I blushed and sputtered. The daydream was vivid in my blood. I couldn’t think of a lie, and so I stared, guilty.
Betta smiled slyly, her teeth hidden. “It’s true then,” she said, excitement and satisfaction contained under her cool exterior.
Oh.
She could tell. My stomach twisted and sank.
Thoughts came fast and sharp as beaks. Betta knew about my crush. I was so infatuated, I’d forgotten to care whether anyone else could see. And she could. Obviously. Every moment I’d felt dreamy or dumbstruck came back to me in a flood, wondering, Did she see then? Or then? Who else could tell? Everyone? Right now, Heirik might be pretending he didn’t notice, just to spare me embarrassment. Oh, gods, I felt sick.
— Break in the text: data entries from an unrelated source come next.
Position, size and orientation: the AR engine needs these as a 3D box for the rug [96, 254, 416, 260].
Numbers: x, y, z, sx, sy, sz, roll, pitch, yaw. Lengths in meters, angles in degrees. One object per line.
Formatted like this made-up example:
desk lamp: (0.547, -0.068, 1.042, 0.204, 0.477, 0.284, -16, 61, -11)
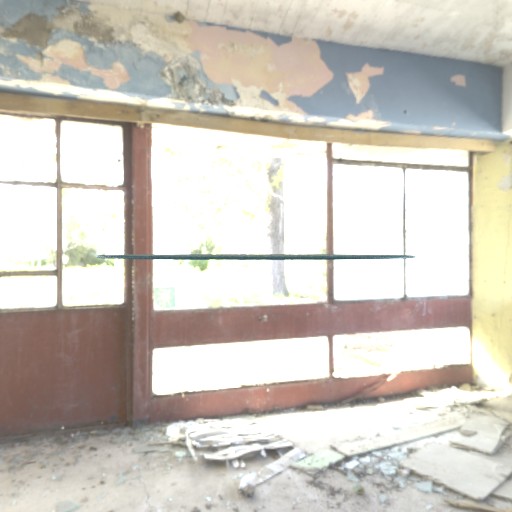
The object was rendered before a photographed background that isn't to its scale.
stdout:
rug: (0.000, 0.000, 2.341, 1.593, 0.012, 1.593, 0, 1, 0)

I cast my eyes around to find him. Riding ahead of us, the chief was implacable. I couldn’t tell.
My whole insides cringed, and I wished I could become the smallest dot in the landscape.
“Never mind, Woman,” Betta said evenly. “No one else can see.”
Desperate hope surged in me. “Are you sure?”
“They are blind,” she told me. “They see only what they already know.” She reassured me, but there was something unsettled in her voice. Preoccupied and very unlike her.